-- Opening Marker --

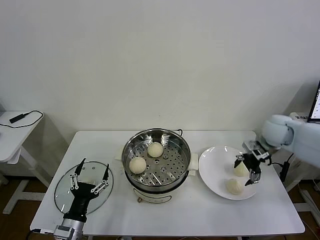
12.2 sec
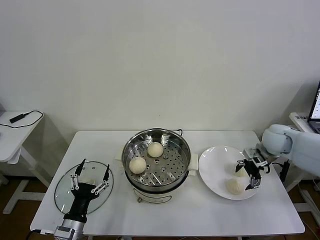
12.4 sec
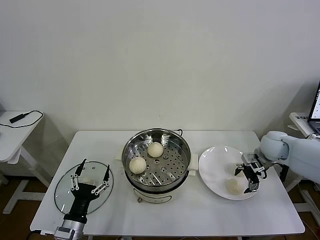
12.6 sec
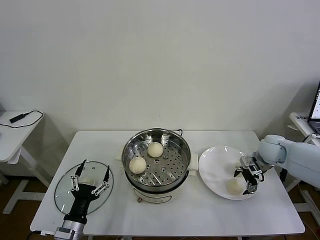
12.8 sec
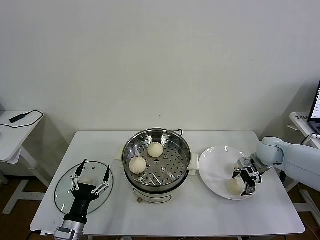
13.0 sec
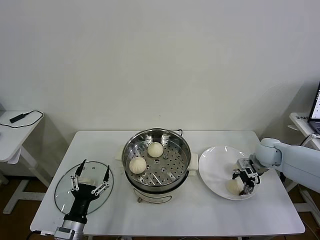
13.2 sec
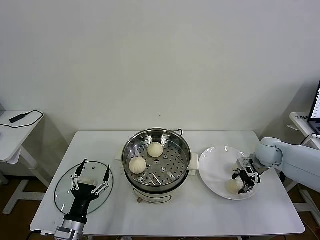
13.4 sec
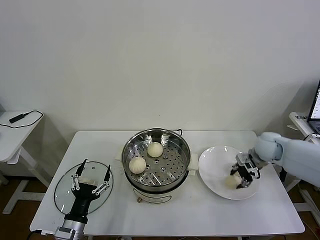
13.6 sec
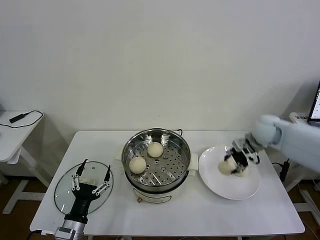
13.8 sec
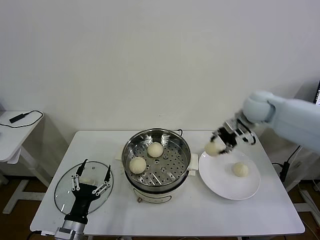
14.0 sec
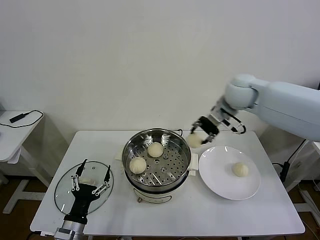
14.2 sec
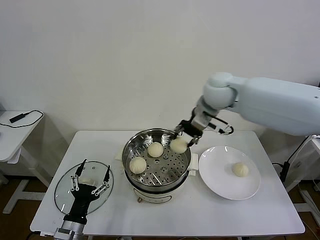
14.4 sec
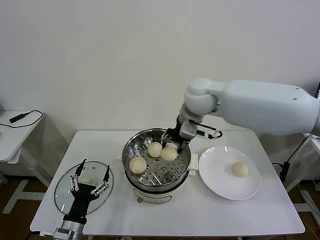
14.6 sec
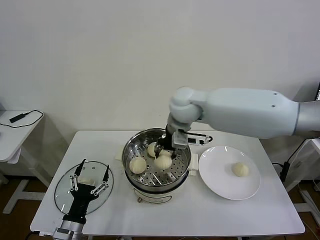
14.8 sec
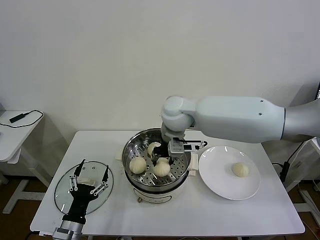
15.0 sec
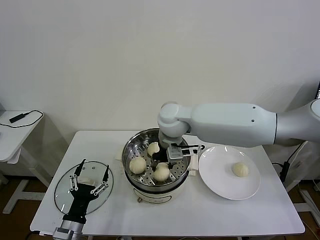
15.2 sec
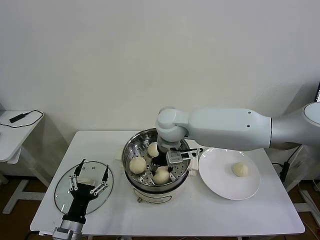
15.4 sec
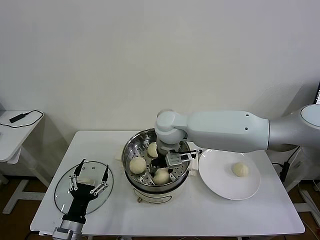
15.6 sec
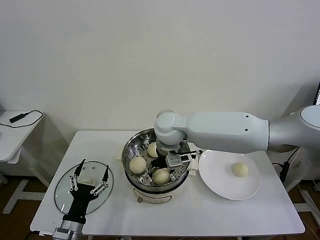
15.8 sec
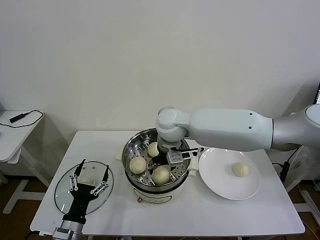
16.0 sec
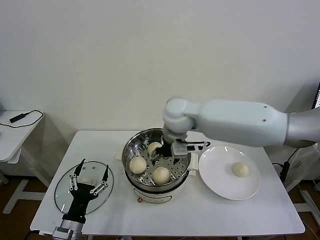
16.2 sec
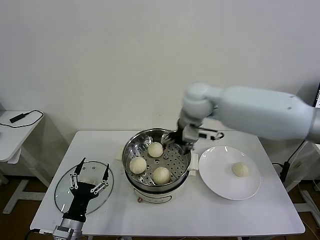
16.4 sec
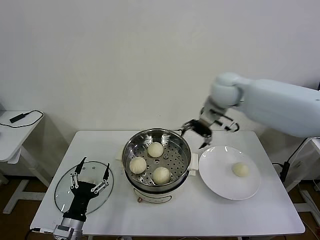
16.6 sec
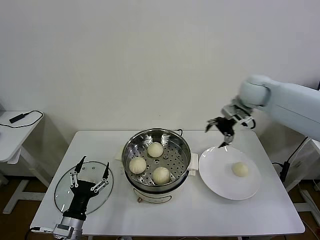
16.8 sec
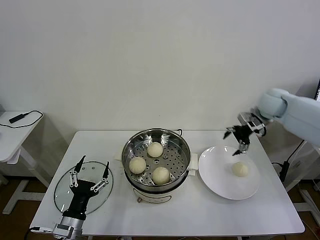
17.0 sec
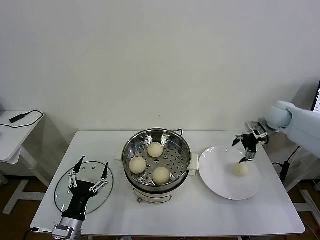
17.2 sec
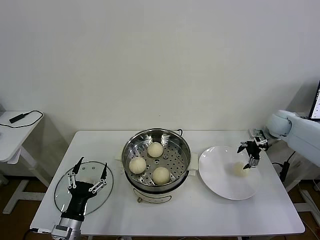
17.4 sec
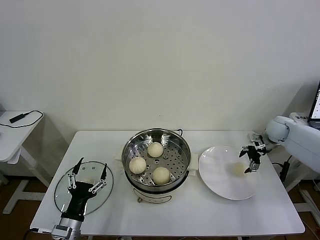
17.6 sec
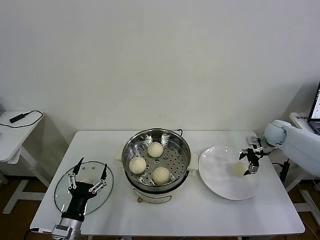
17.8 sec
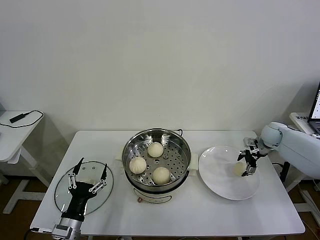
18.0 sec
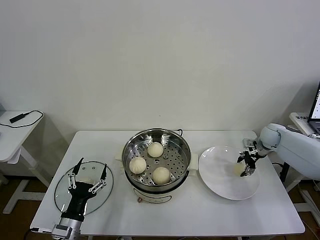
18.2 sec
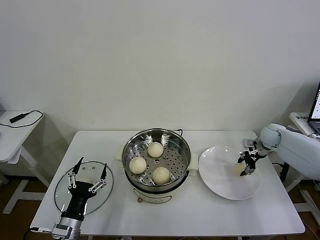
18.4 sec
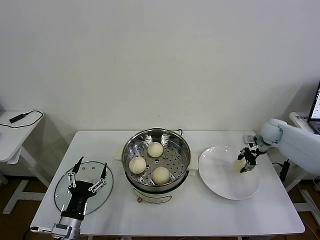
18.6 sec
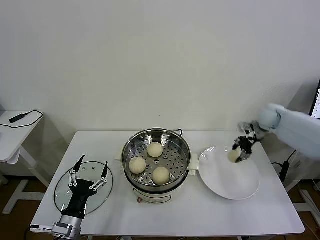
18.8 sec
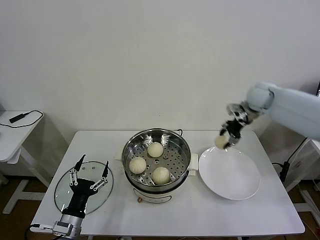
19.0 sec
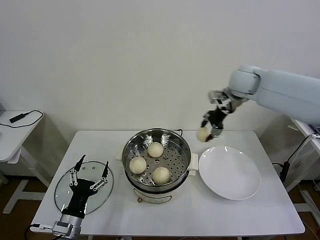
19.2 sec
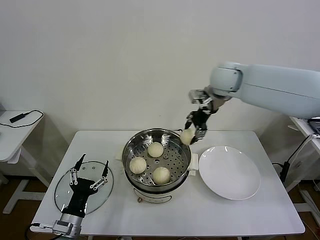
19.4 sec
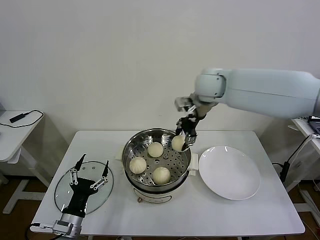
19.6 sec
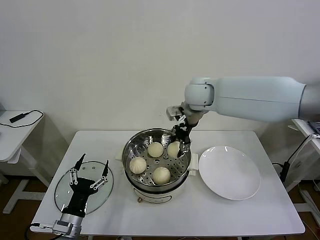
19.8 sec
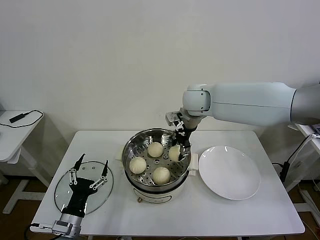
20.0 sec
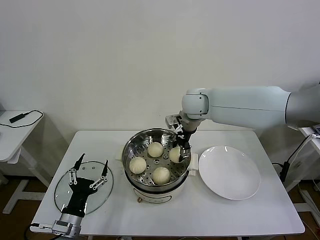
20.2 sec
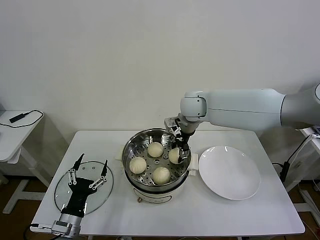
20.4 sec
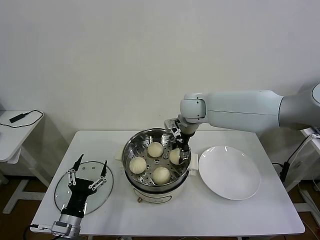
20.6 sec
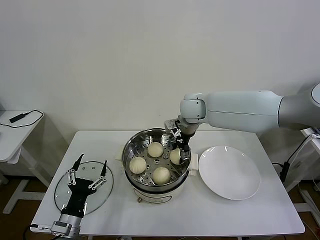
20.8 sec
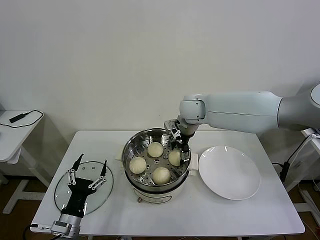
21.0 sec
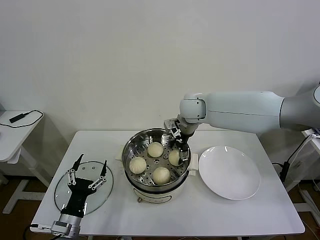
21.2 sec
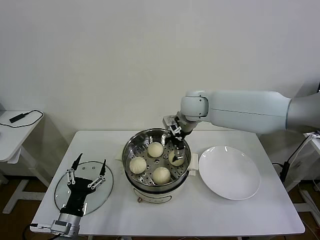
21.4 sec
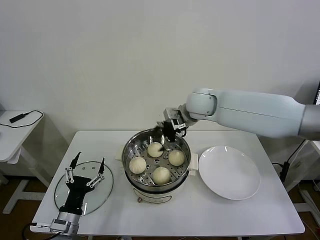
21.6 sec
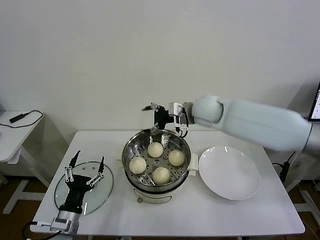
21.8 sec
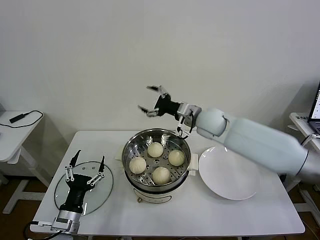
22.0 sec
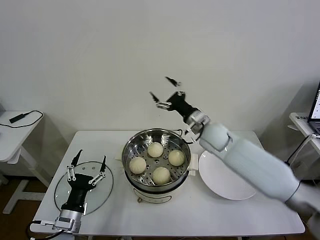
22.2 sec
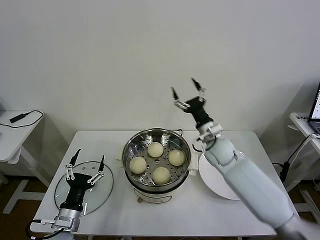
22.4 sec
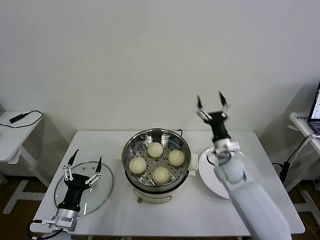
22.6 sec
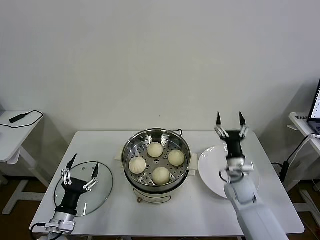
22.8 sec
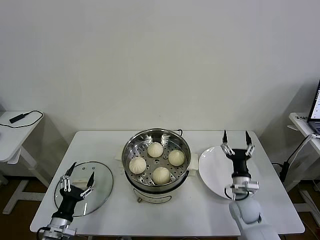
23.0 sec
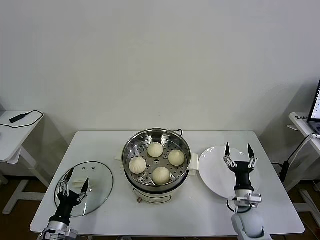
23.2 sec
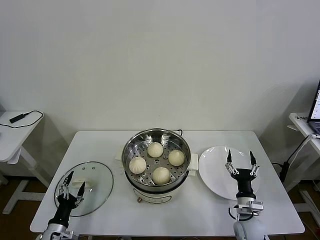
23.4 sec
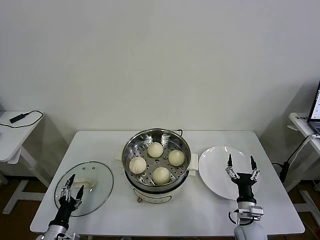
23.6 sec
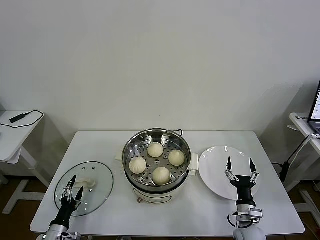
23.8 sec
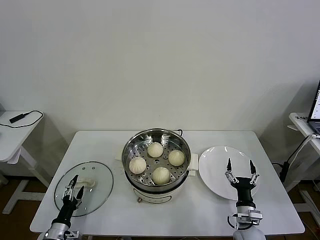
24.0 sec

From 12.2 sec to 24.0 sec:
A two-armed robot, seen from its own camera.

-- Closing Marker --

THE PROBLEM
Repeat every record above exactly. The pictures do not belong in the copy.

RESPONSE TO THE EXERCISE
12.2 sec
12.4 sec
12.6 sec
12.8 sec
13.0 sec
13.2 sec
13.4 sec
13.6 sec
13.8 sec
14.0 sec
14.2 sec
14.4 sec
14.6 sec
14.8 sec
15.0 sec
15.2 sec
15.4 sec
15.6 sec
15.8 sec
16.0 sec
16.2 sec
16.4 sec
16.6 sec
16.8 sec
17.0 sec
17.2 sec
17.4 sec
17.6 sec
17.8 sec
18.0 sec
18.2 sec
18.4 sec
18.6 sec
18.8 sec
19.0 sec
19.2 sec
19.4 sec
19.6 sec
19.8 sec
20.0 sec
20.2 sec
20.4 sec
20.6 sec
20.8 sec
21.0 sec
21.2 sec
21.4 sec
21.6 sec
21.8 sec
22.0 sec
22.2 sec
22.4 sec
22.6 sec
22.8 sec
23.0 sec
23.2 sec
23.4 sec
23.6 sec
23.8 sec
24.0 sec

From 12.2 sec to 24.0 sec:
A two-armed robot, seen from its own camera.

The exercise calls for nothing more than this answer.